Start of Block

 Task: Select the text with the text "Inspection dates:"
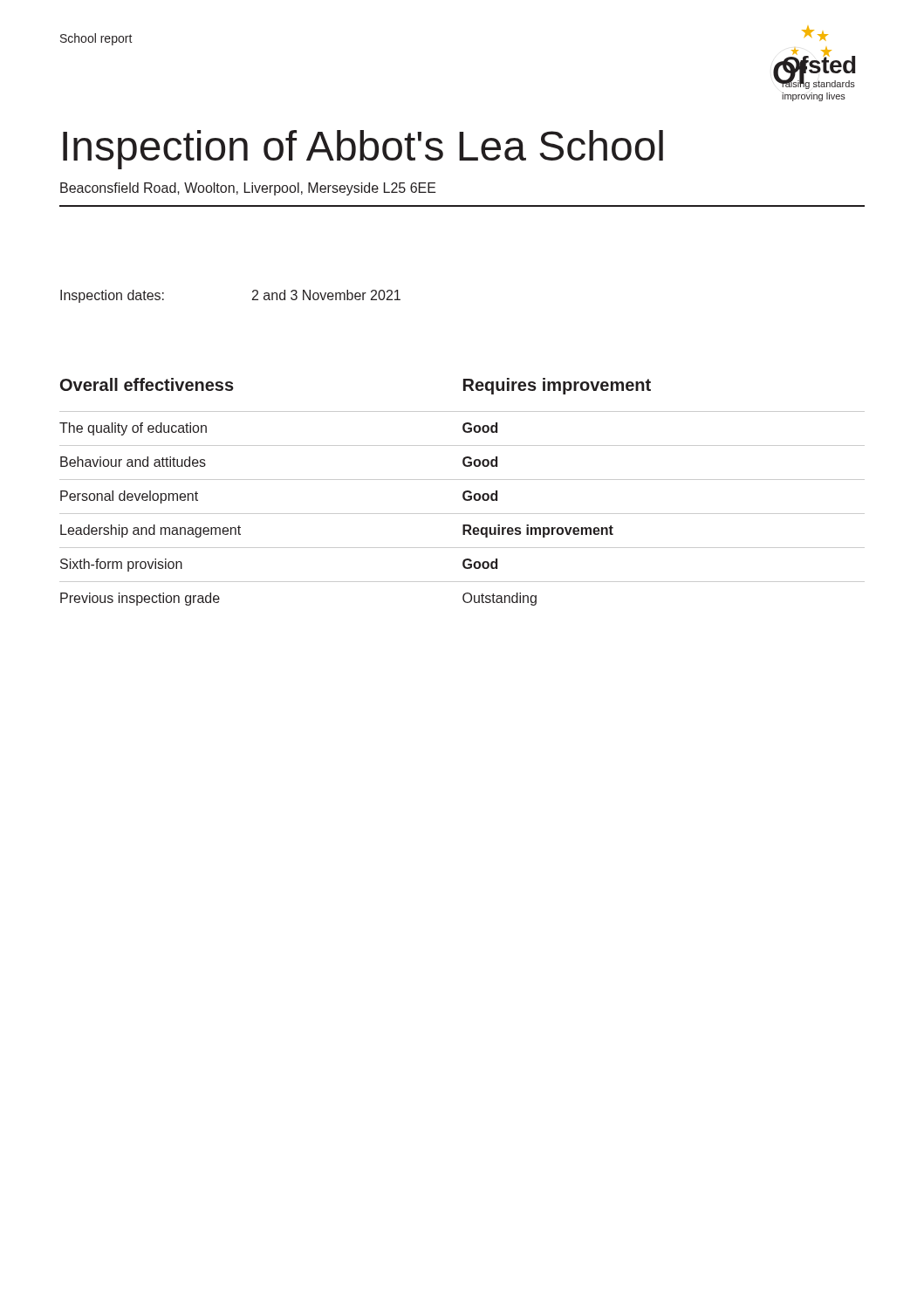112,295
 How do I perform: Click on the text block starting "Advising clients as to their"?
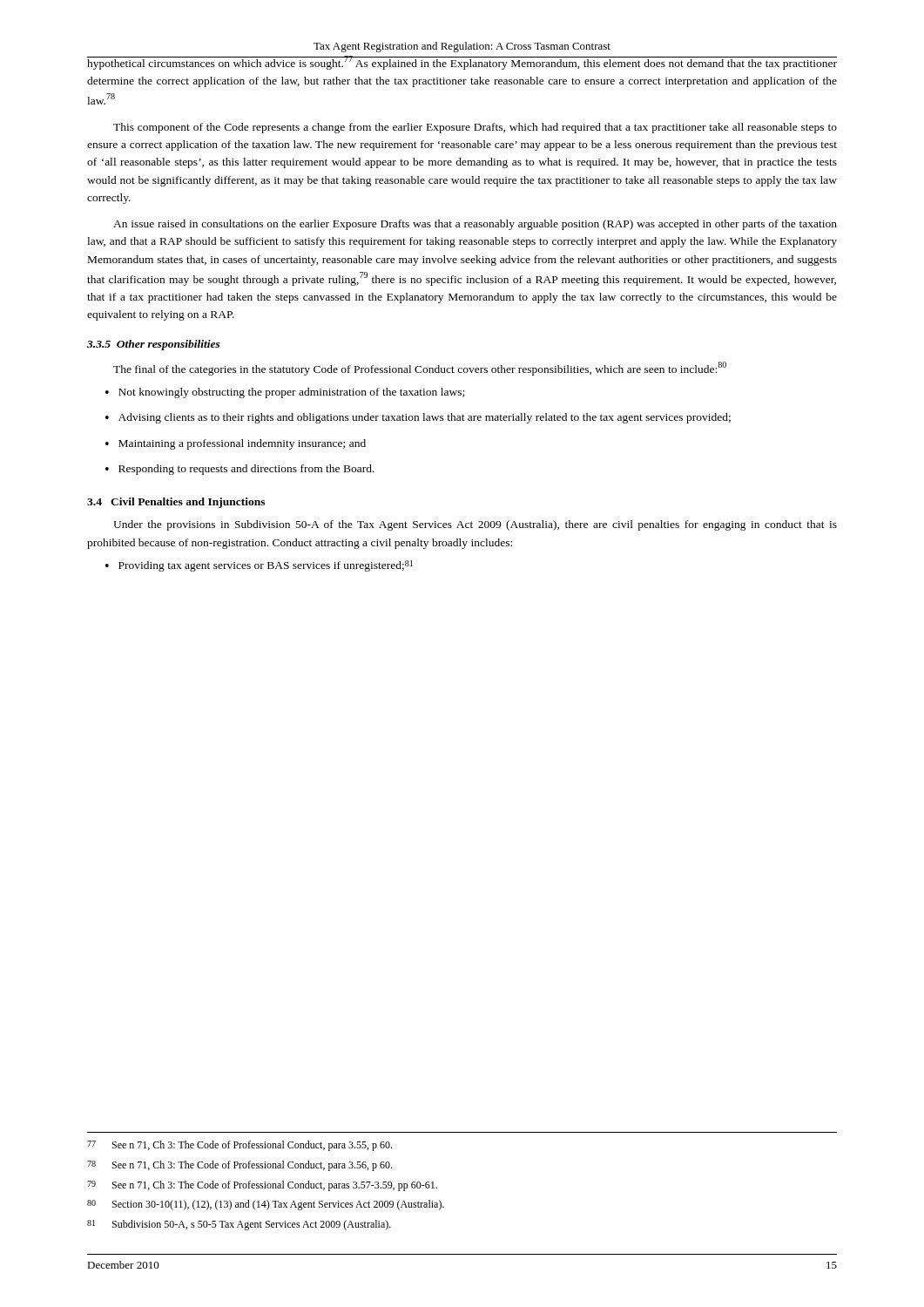point(462,419)
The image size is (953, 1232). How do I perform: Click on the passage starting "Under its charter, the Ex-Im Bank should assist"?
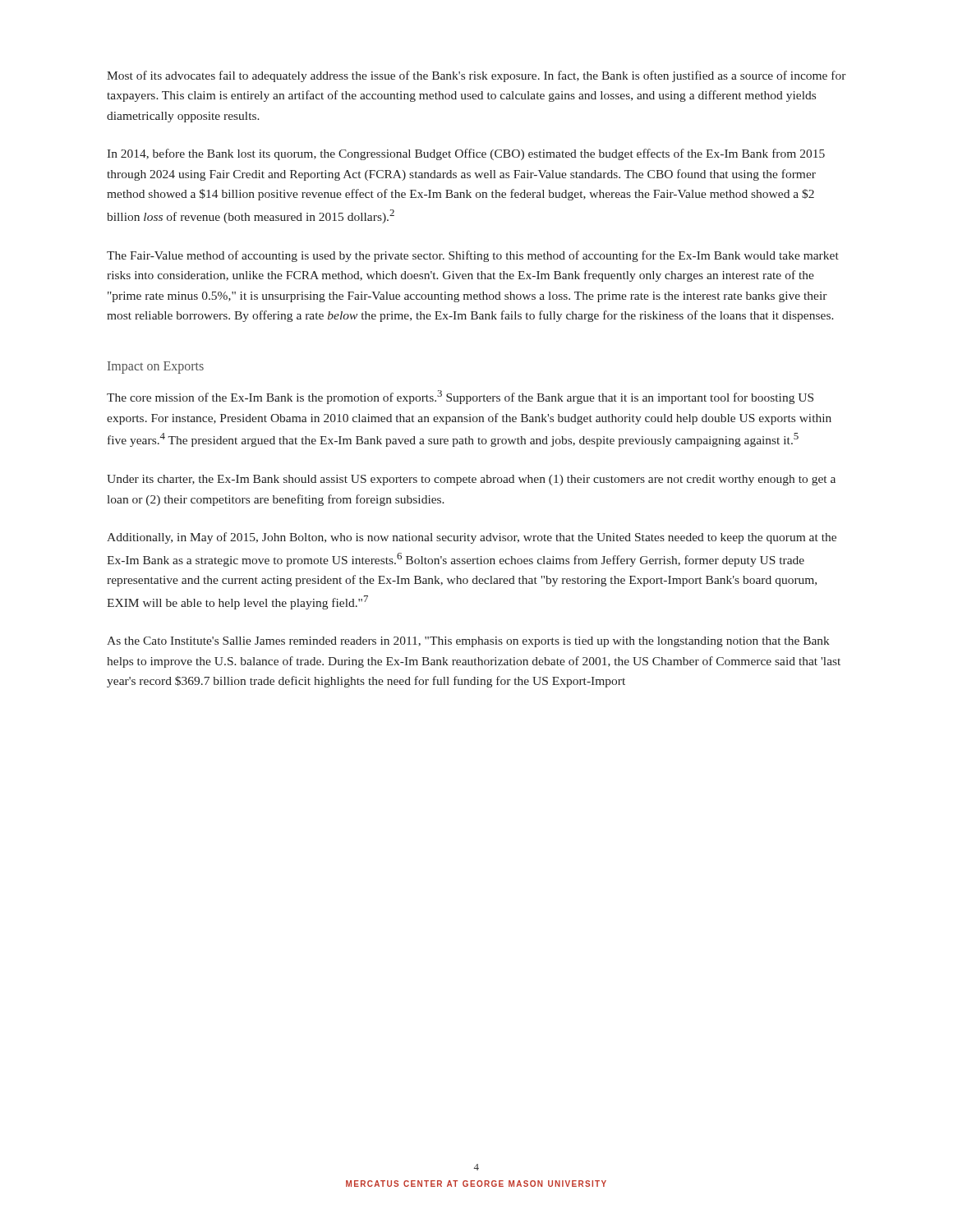pos(471,489)
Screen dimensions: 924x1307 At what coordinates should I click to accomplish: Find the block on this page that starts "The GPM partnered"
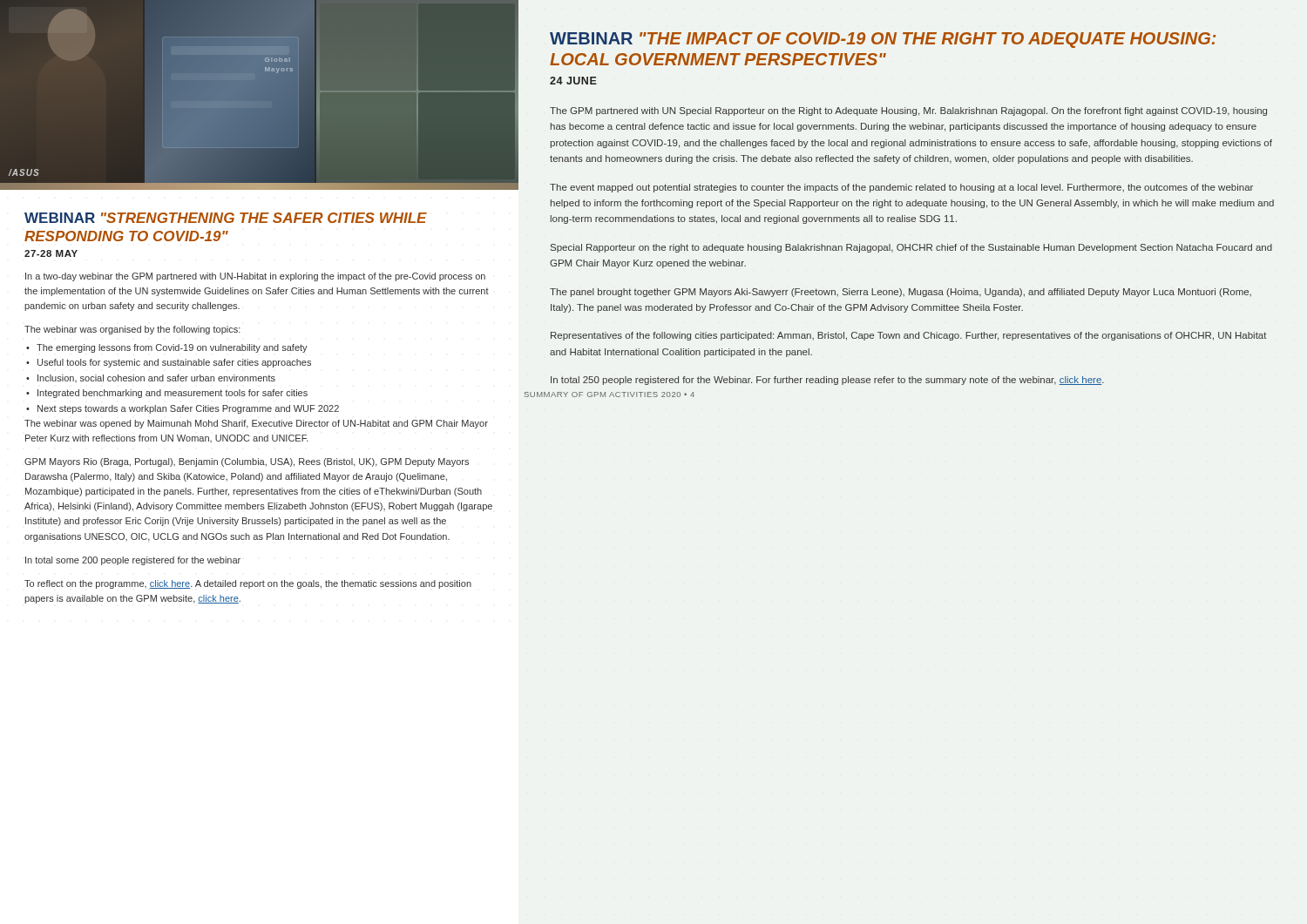913,135

End of Block

**Brief**
Each record above, in full: return it exactly, pictures excluded.

**Solution for this task**
 Task: Select the text with the text "Inspection dates:"
112,295
 How do I perform: Click on the text block starting "Advising clients as to their"?
point(462,419)
The image size is (953, 1232). How do I perform: Click on the passage starting "Under its charter, the Ex-Im Bank should assist"?
pos(471,489)
Screen dimensions: 924x1307 At what coordinates should I click to accomplish: Find the block on this page that starts "The GPM partnered"
913,135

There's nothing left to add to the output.